Please retype the records below exactly, leaving out any pictures.

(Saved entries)
◇ ◇ ◇

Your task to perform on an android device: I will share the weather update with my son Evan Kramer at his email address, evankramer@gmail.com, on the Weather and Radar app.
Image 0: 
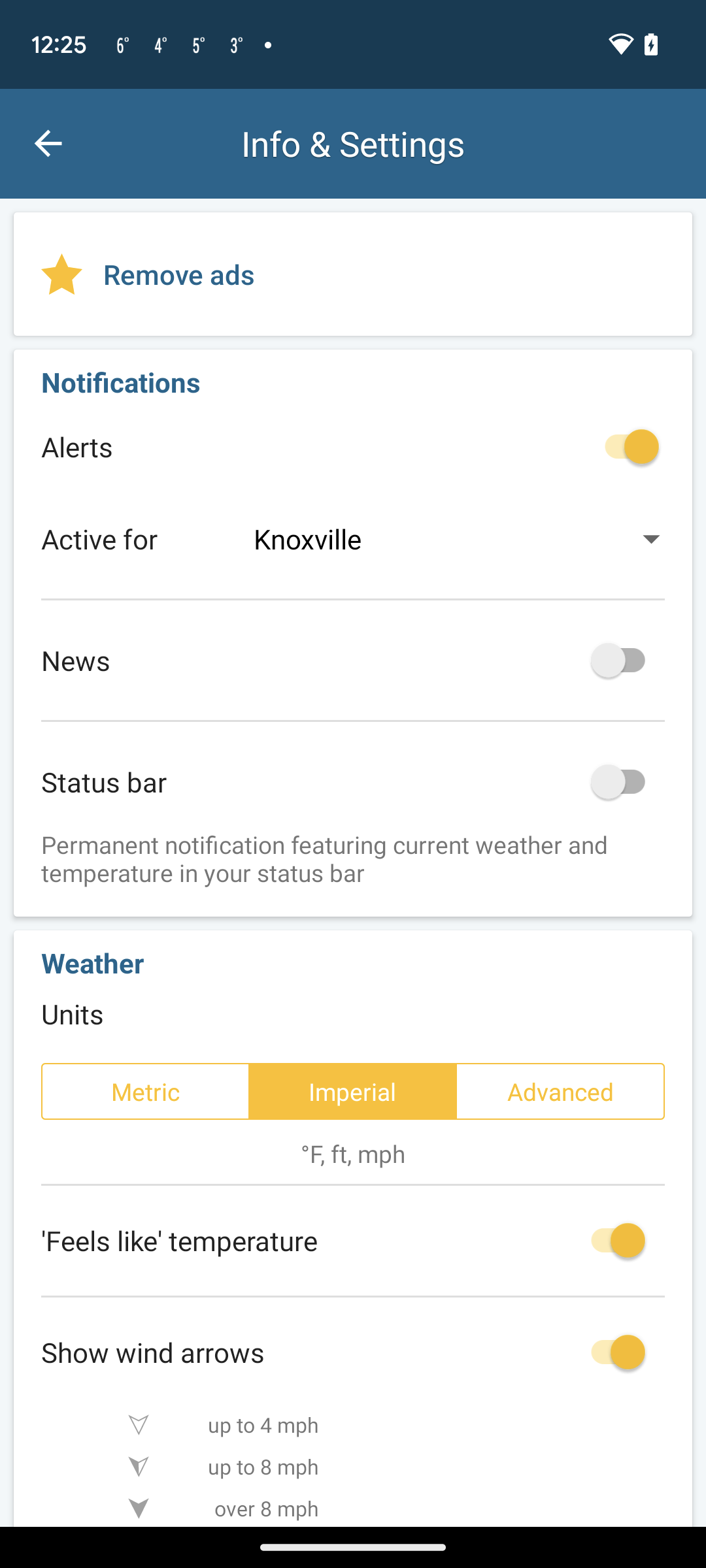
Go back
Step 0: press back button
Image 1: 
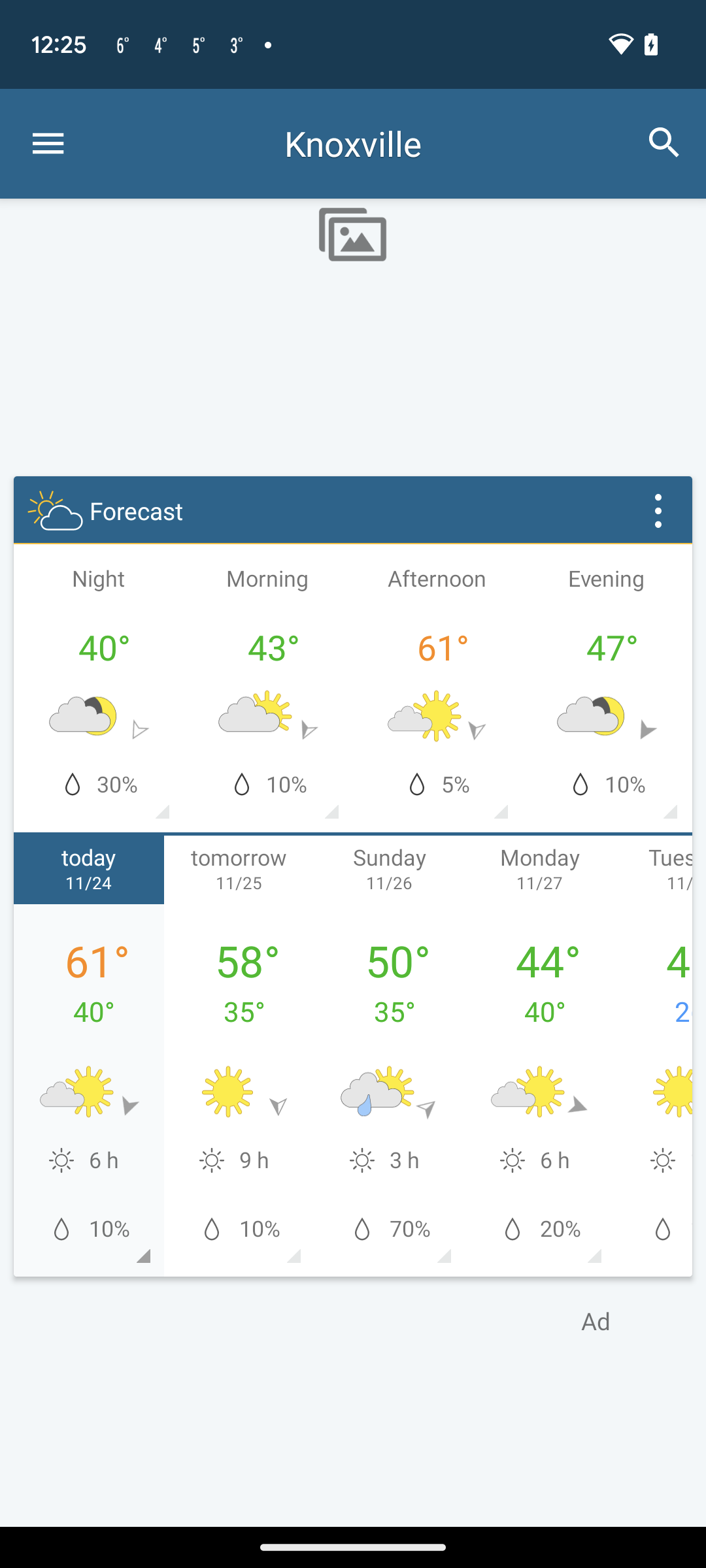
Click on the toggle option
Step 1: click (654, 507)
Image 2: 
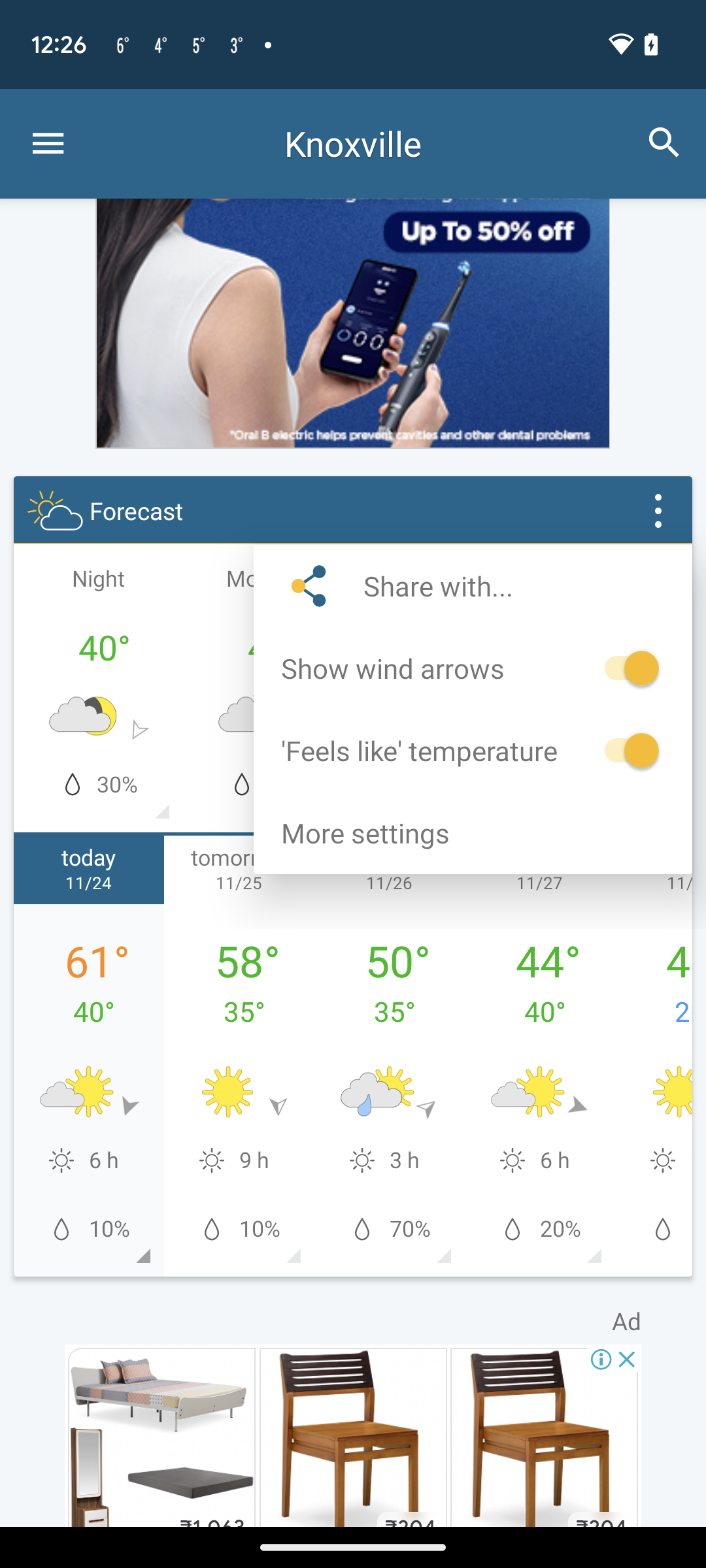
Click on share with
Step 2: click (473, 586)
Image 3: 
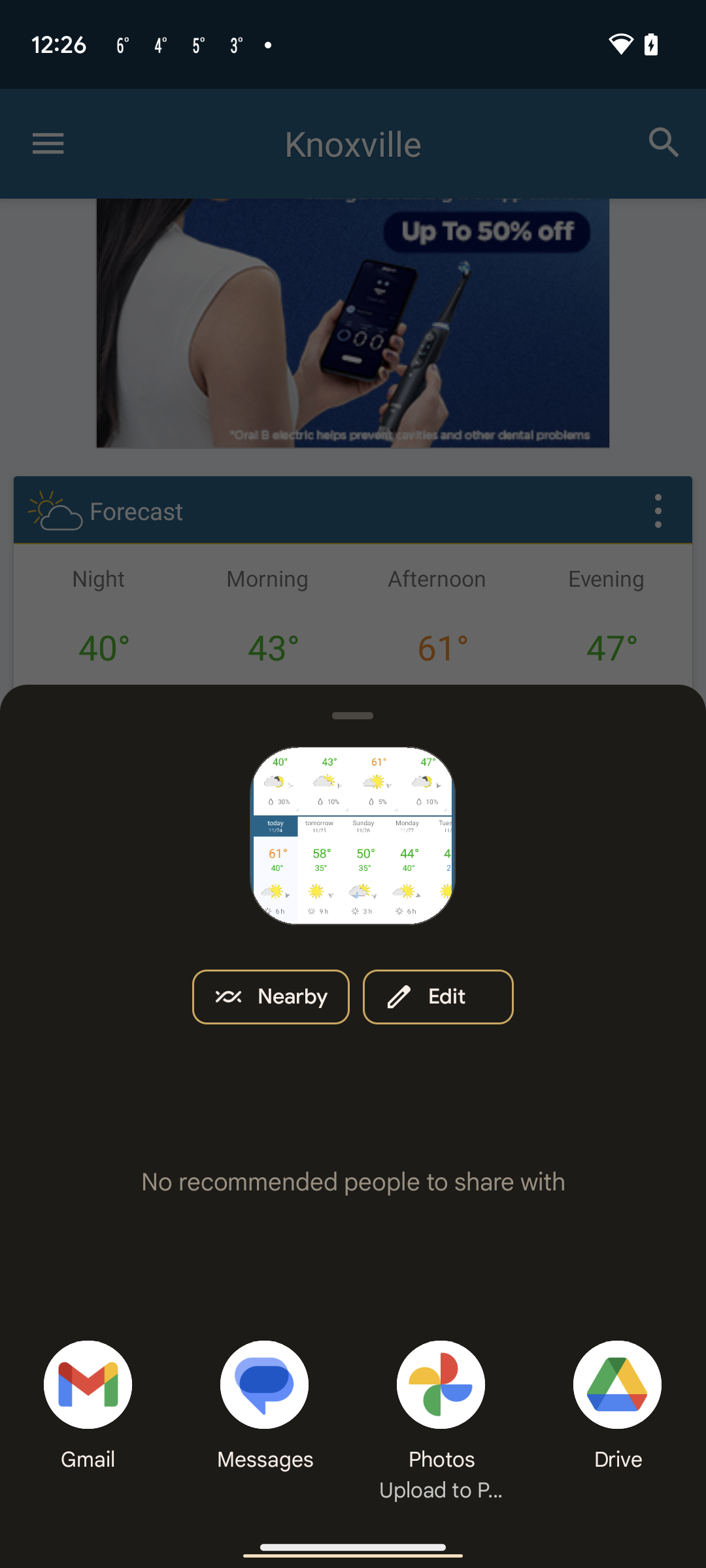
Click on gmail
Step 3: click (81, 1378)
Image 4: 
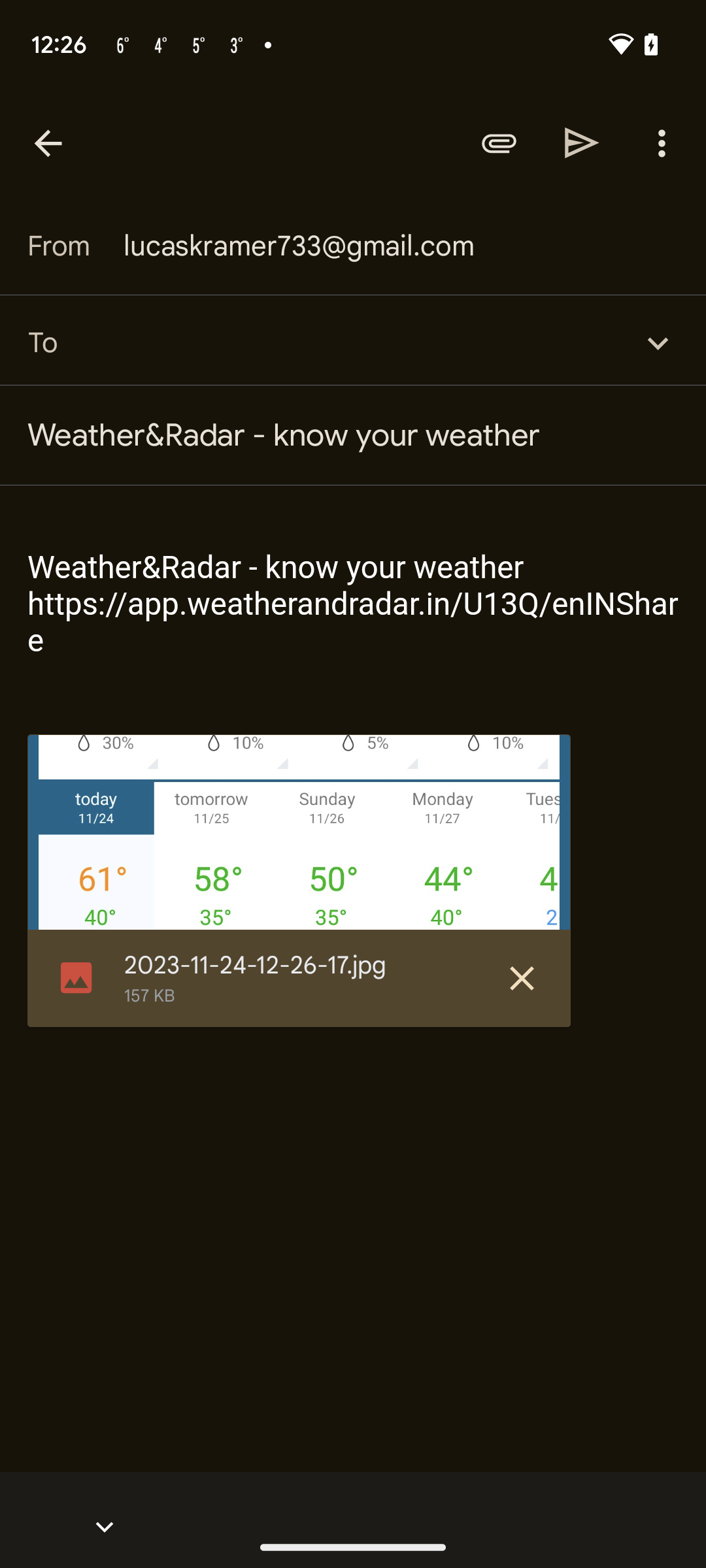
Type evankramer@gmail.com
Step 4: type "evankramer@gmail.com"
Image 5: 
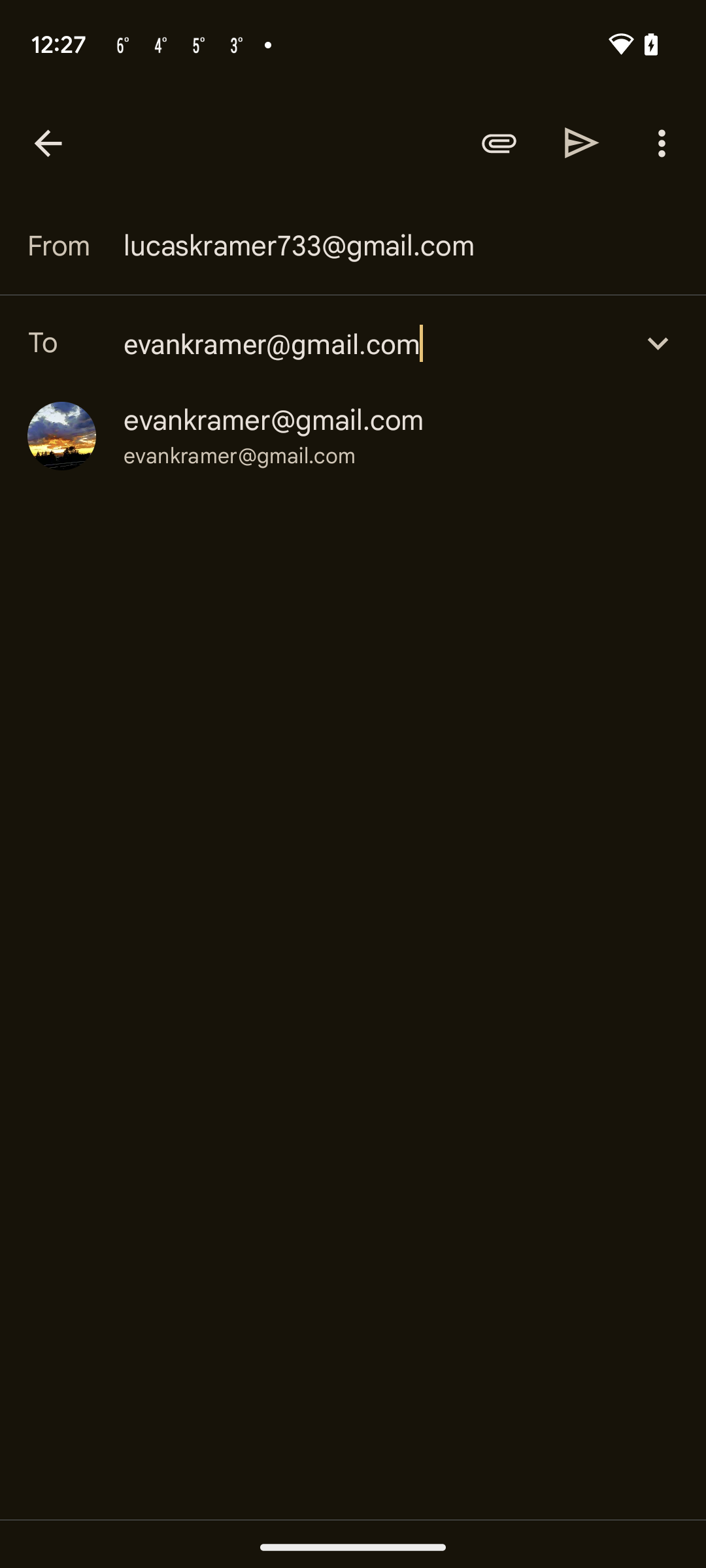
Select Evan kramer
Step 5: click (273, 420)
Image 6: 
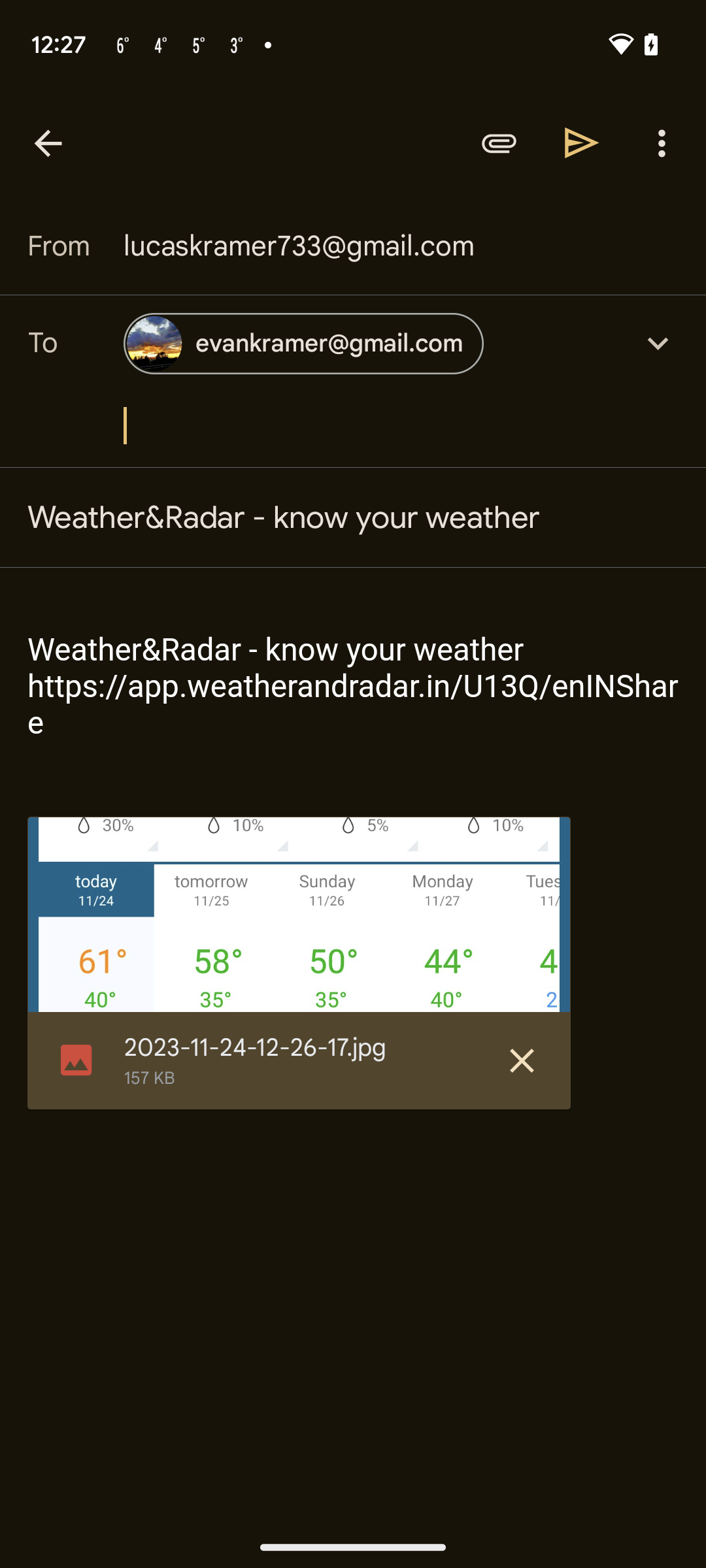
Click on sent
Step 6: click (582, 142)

◇ ◇ ◇

### [ANSWER FOR THIS EXERCISE]
Your task to perform on an android device: I will share the weather update with my son Evan Kramer at his email address, evankramer@gmail.com, on the Weather and Radar app.
Image 0: 
Go back
Step 0: press back button
Image 1: 
Click on the toggle option
Step 1: click (654, 507)
Image 2: 
Click on share with
Step 2: click (473, 586)
Image 3: 
Click on gmail
Step 3: click (81, 1378)
Image 4: 
Type evankramer@gmail.com
Step 4: type "evankramer@gmail.com"
Image 5: 
Select Evan kramer
Step 5: click (273, 420)
Image 6: 
Click on sent
Step 6: click (582, 142)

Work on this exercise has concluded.